When Mary Margaret Robinson Federici graduated from Findlay High School, President Herbert Hoover had just suggested the five-day workweek; the average annual wage was $1,650; gas was 10 cents a gallon and Elizabeth Taylor hadn’t celebrated her first birthday. The year was 1932, and Mary Margaret was off to Findlay College.
On April 7, 2017, applause filled Ritz Auditorium as UF President Katherine Fell, Ph.D., awarded an honorary Bachelor of Arts in Early Childhood Education to 102-year-old Federici. A lot had happened in the 85 years between high school graduation and accepting Dr. Fell’s congratulations. Now, with a cherished college degree in her hands, Federici can add one more major event.

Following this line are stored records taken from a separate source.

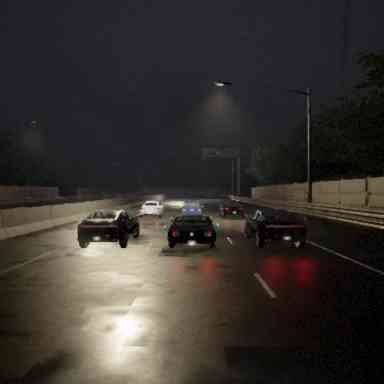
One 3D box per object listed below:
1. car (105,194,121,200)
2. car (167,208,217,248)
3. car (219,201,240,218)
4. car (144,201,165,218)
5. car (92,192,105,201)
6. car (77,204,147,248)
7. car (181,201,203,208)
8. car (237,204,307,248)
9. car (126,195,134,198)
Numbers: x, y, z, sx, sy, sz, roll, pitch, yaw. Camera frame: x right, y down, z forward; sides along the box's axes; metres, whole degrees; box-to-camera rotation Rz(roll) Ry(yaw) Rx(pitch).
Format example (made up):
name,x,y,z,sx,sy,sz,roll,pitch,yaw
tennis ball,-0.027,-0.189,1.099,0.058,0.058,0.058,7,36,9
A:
name,x,y,z,sx,sy,sz,roll,pitch,yaw
car,-17.499,1.244,75.501,2.097,1.767,4.553,0,0,0
car,0.000,1.608,14.681,1.895,1.301,4.718,0,0,0
car,3.500,1.512,29.652,1.812,1.442,4.674,0,0,0
car,-3.499,1.512,29.652,1.812,1.442,4.674,0,0,0
car,-20.999,1.114,75.441,2.150,2.045,5.566,0,0,0
car,-3.500,1.487,14.650,2.128,1.511,4.902,0,0,0
car,0.000,1.542,29.652,2.033,1.411,5.357,0,0,0
car,3.500,1.487,14.650,2.128,1.511,4.902,0,0,0
car,-13.999,1.413,75.471,1.812,1.442,4.674,0,0,0

Students at Findlay College in the 1930s had a similar campus experience to students at University of Findlay today. They socialized, had friendly competitions and did community service. Federici remembers individuals in her freshman class climbing up a greased pole on Spring Clean Up Day. They were faster than the upper classmen, so they earned the “prize” of not having to wear their mandatory black and orange beanies for the rest of the year. She recalled serving a Harvest Home dinner to community residents. Students caught the chickens needed for the meal and carried all of the food from the basement of Old Main to the gym for serving. She laughed that they were so exhausted, “we decided never to do it again.”
Something that was different in the 30s, was the position of Dean of Women. Federici remembered girls giggling as the Dean lectured them on proper behavior and dress. “When we laughed, the Dean was not happy because she was so serious.”

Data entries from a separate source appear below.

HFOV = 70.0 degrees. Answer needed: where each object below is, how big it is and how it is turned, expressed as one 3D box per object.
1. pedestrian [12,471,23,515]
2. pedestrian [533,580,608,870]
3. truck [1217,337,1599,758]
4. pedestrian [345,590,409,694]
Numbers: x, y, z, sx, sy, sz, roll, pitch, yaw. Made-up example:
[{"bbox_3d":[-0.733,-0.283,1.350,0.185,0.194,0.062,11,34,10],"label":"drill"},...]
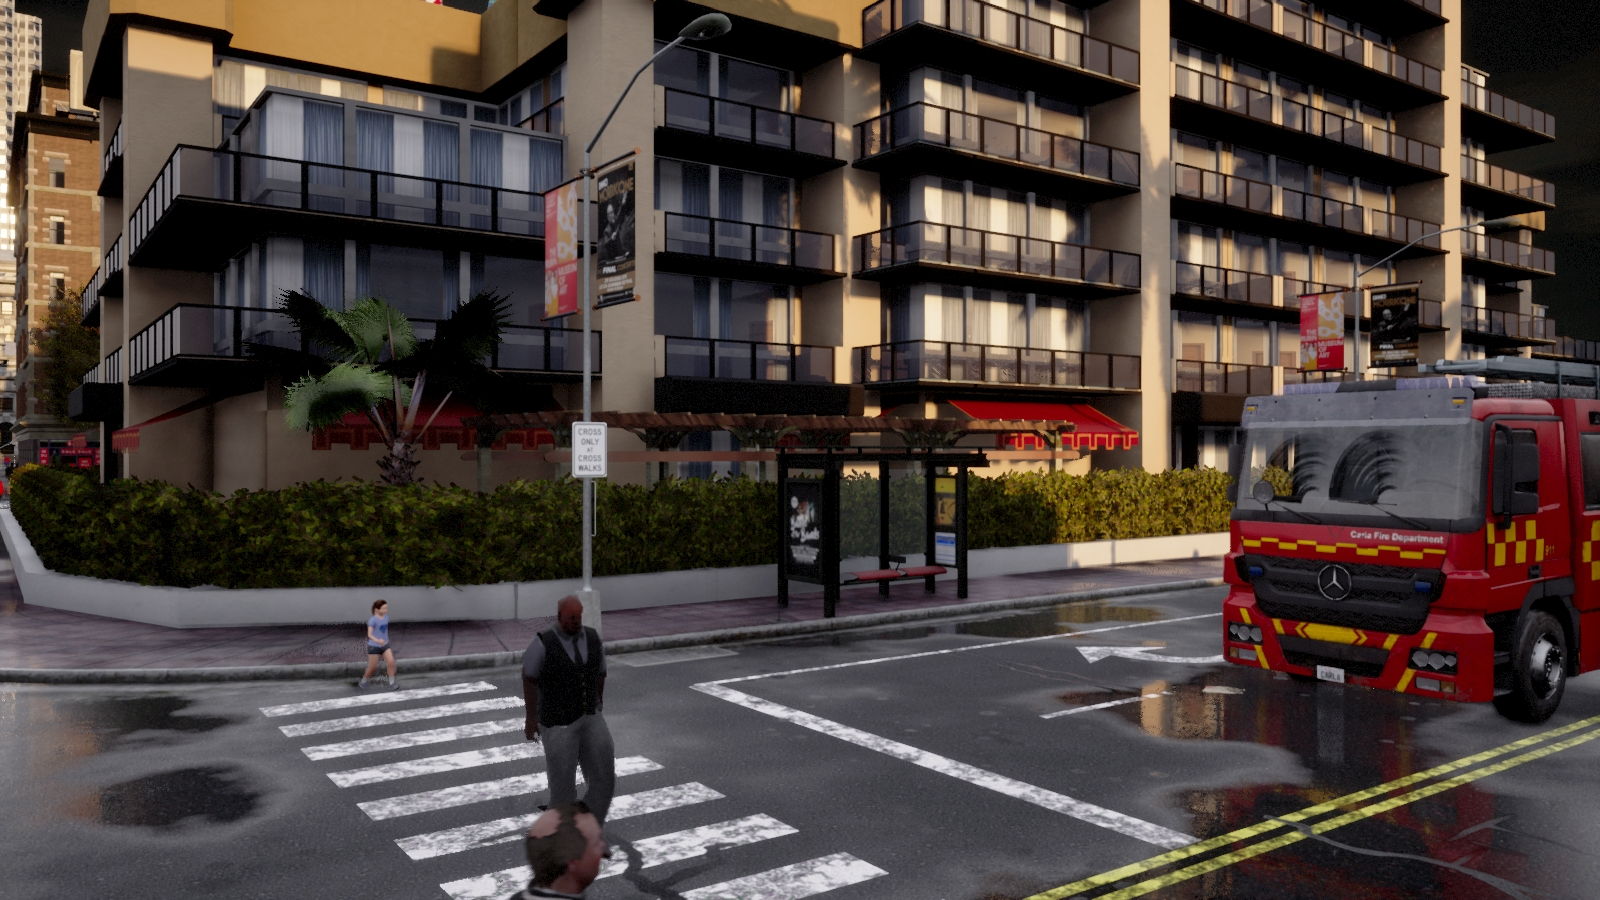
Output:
[{"bbox_3d":[-33.550,1.848,48.990,0.375,1.860,0.375,0,0,-27],"label":"pedestrian"},{"bbox_3d":[-1.571,1.847,7.810,0.375,1.860,0.375,0,0,-36],"label":"pedestrian"},{"bbox_3d":[8.950,0.884,14.011,8.468,3.827,2.891,0,0,-35],"label":"truck"},{"bbox_3d":[-4.941,2.227,13.346,0.500,1.100,0.500,0,0,31],"label":"pedestrian"}]

Federici left college to work as a theatre cashier. She married Jim Federici, whom she had met at Findlay College, and they moved to DuBois, Pennsylvania. They had two children after returning to Findlay and she returned to work when they were grown. It was during a shopping trip to the local A&P, that she ran into Carroll Morey, the Dean of Findlay College. Morey convinced her to return to school, so she resumed her studies 23 years after leaving college the first time.
Federici applied herself to her studies, but left her college classes just a few hours shy of graduating to accept a job as Liberty Benton School’s first kindergarten teacher. With no curriculum and no equipment except for a long table and a blackboard, she and her 25-30 students played games and told stories. Federici managed to secure a large roll of newsprint from the (then) Republican Courier and had her students draw a classroom mural. The following year, she moved to the first grade and remembers gathering in the gym to watch astronaut John Glenn orbit the earth. She has so many memories, marking special dates on the timeline that is her life.
Ben Federici, Mary Margaret’s great-grandson, knew she was troubled by the fact that she hadn’t completed her degree requirements. He began working with Julie McIntosh, Ed.D., dean of the College of Education, and Brandi Laurita, UF’s director of athletics, on an honorary degree for his great-grandmother. Dr. Fell conferred the degree during the opening session of the University’s Symposium on Scholarship and Creativity, an annual event that features student research, alumni speakers and award presentations.
From Franklin Roosevelt to iPhones, Mary Margaret Federici has lived it all. In the days before computers, Smart Boards, YouTube and online learning platforms, she kept her students engaged with stories, games and a big roll of paper. She deserves her degree and the title of “teacher.”